Frey et al.16 reported that special and sophisticated methods are necessary in order to measure facial movements in cases of motor deficiencies and their recovery. They used the two-mirror system in a 90-degree angle and a camera to capture different sides of the face at the same time in a video screen. After filming the movements, they are analyzed by a software which measures the distances and the tridimensional movements of the frontal images and those of the right and left side images. In the beginning, they used the VICON system for a tridimensional analysis of the movements, which they considered very useful for scientific purposes, though more complicated for the day-to-day clinical practice. They, then developed what they call the FACIOMETER, a digital metering device which measures the distances between facial movement points. They are established and marked with non-washable ink, with static points: nasal tip and tragus; and also the dynamic points to be studied: eyebrow, lower and upper eyelids, nasal wings, upper labial sulcus, mouth corner and mid-lateral points on the upper and lower lips. Then, the individual is filmed and asked to do the maximum movements of raising the eyebrows, close the eyes, showing the teeth, smiling and whistling.
Cohn et al.17 created a facial image analysis system to detect, extract and recognize emotion expressions which have been used to show subtle changes in facial movements after interventions. This system requires 40 points, using video images and a computer.

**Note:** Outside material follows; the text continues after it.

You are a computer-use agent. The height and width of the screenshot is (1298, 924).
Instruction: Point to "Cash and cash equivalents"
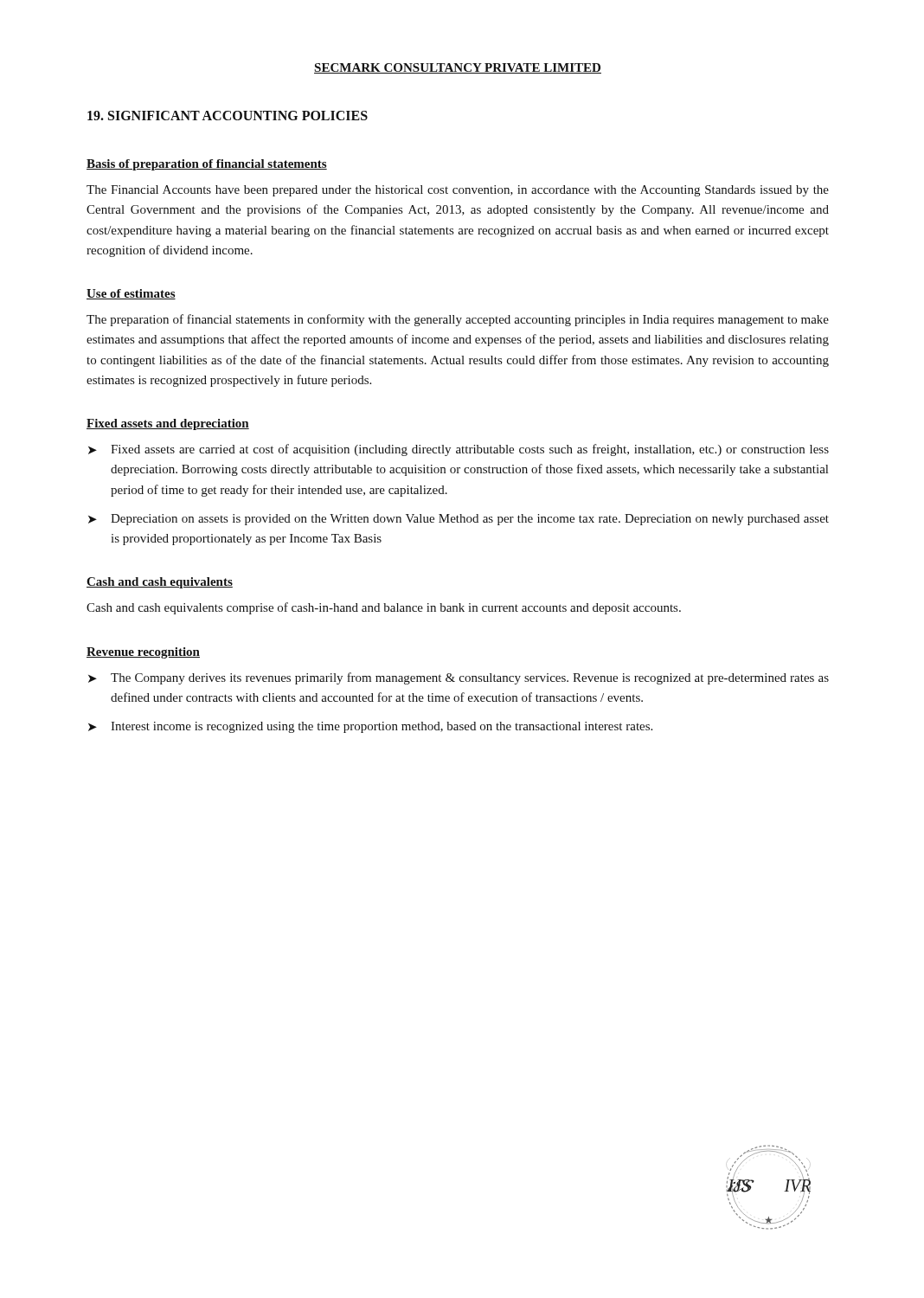pyautogui.click(x=160, y=582)

In the same year, O'Grady et al.18, made the techniques even more sophisticated by using the third dimension (3D) and the Laser beam in order to measure the facial movement. With the Laser, the individual's face is scanned and two digital cameras capture the signal which, by triangulation, provides the measure of depth. The image is processed by a software (Cyberware Echo). The authors used plastic anatomical models of the human face, of natural size and color. One perfectly symmetrical and another with facial asymmetry.

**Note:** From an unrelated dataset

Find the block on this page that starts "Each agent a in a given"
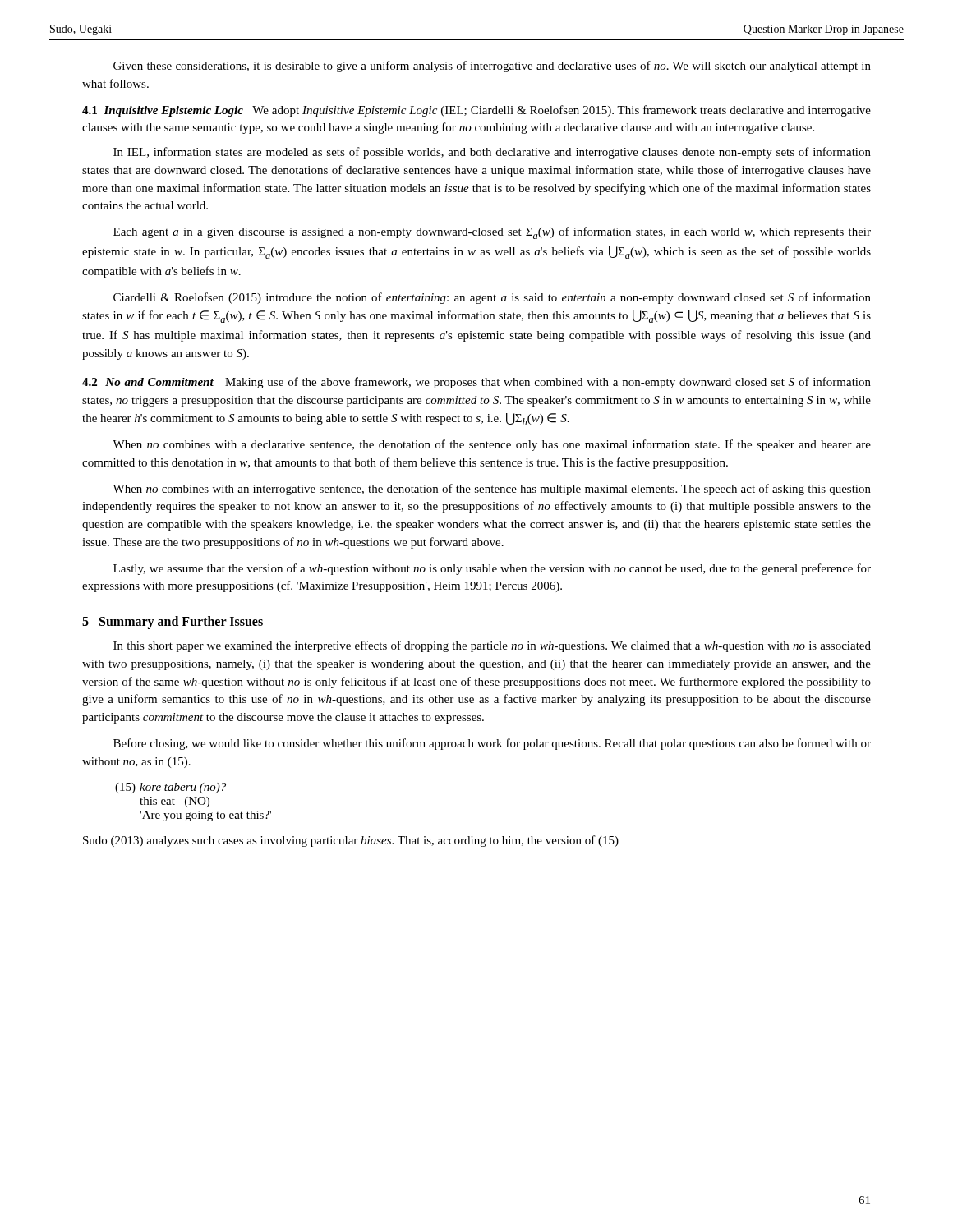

Kayhan et al.19 utilized the Toronto Facial Grading System, described by Ross in 1996, to assess patients with facial neuromuscular involvement and to measure the method's sensitivity among five different observers who analyzed the patients' videos and assigned a grade to each movement. They concluded that the method is good and that there was, statistically, an agreement among the observers.
In the year 2000, Linstrom et al.20, used a new, commercially available, interactive video system, the "The Peak Motus Motion Measurement System", which objectively measures the asymmetries of selected points on the face during eye closure and smiles. The fixed points are marked with a 3M reflexive tape on the nasal dorsum, right and left upper eyelid, right and left labial commissure. The images were captured by a camera (Sony CCD-TR56) in black and White and recorded in a videotape and, later on, sent to a computer to be processed by image edition software: Super Mac Screen Play, Adobe Premier and the NIH image, NIPG Dip Statin. The reference point to calculate the shifting of the other points was the glabella. In normal individuals, the mean smile variation in the greater axis was 0.578 cm with an SD of 0.209 to the right and 0.553 cm with an SD of 0.183 to the left and, for eyelid closure it was 0.811 cm with an SD of 0.239 to the right, and 0.794 cm with an SD of 0.210 to the left. In 200221, they used the same system and analyzed two movements: eyelid closure and smile in normal individuals and patients with facial paralysis after surgical treatment of acoustic neuroma. The point of reference for the calculation of shifting of the other points was the glabella. In normal individuals, the mean variation in smile, in the larger axis was 0.578 cm with an SD of 0.209 to the right and 0.553 cm with SD of 0.183 to the left and; for eyelid closure, it was 0.811 cm with an SD of 0.239 to the right and 0.794 cm with an SD of 0.210 to the left. The statistical analyses showed that there was no significant difference between the right and left side.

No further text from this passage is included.